• Prompt: Working from the records below, repeat exactly the lines starting at the line that contains "Return one line" and ending at the line that contains "Horizontal FOV: 67.6°.", inclusive.

• Source records:
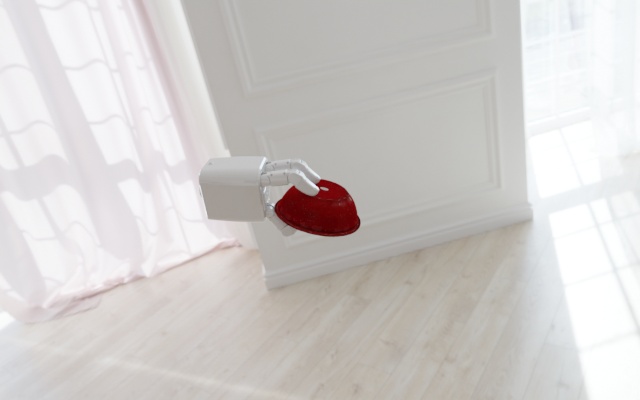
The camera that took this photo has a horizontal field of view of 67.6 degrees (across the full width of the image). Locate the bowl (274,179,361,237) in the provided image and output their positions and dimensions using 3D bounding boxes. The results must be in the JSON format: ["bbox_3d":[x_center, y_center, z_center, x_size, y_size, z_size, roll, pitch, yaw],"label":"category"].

==

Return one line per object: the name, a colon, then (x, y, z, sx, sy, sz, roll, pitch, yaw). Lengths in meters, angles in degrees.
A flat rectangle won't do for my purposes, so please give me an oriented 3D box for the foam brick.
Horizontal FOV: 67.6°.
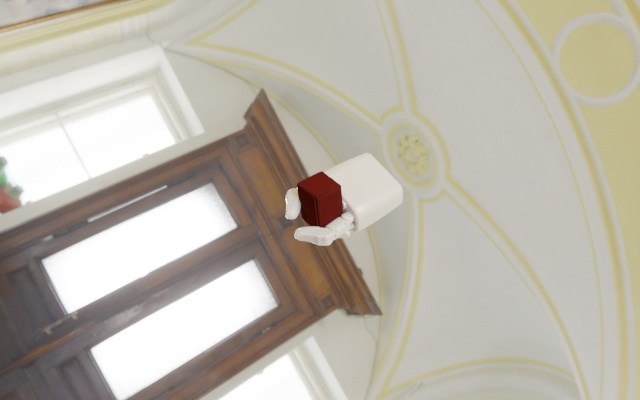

• Result:
Return one line per object: the name, a colon, then (x, y, z, sx, sy, sz, roll, pitch, yaw). Lengths in meters, angles in degrees.
A flat rectangle won't do for my purposes, so please give me an oriented 3D box for the foam brick.
Horizontal FOV: 67.6°.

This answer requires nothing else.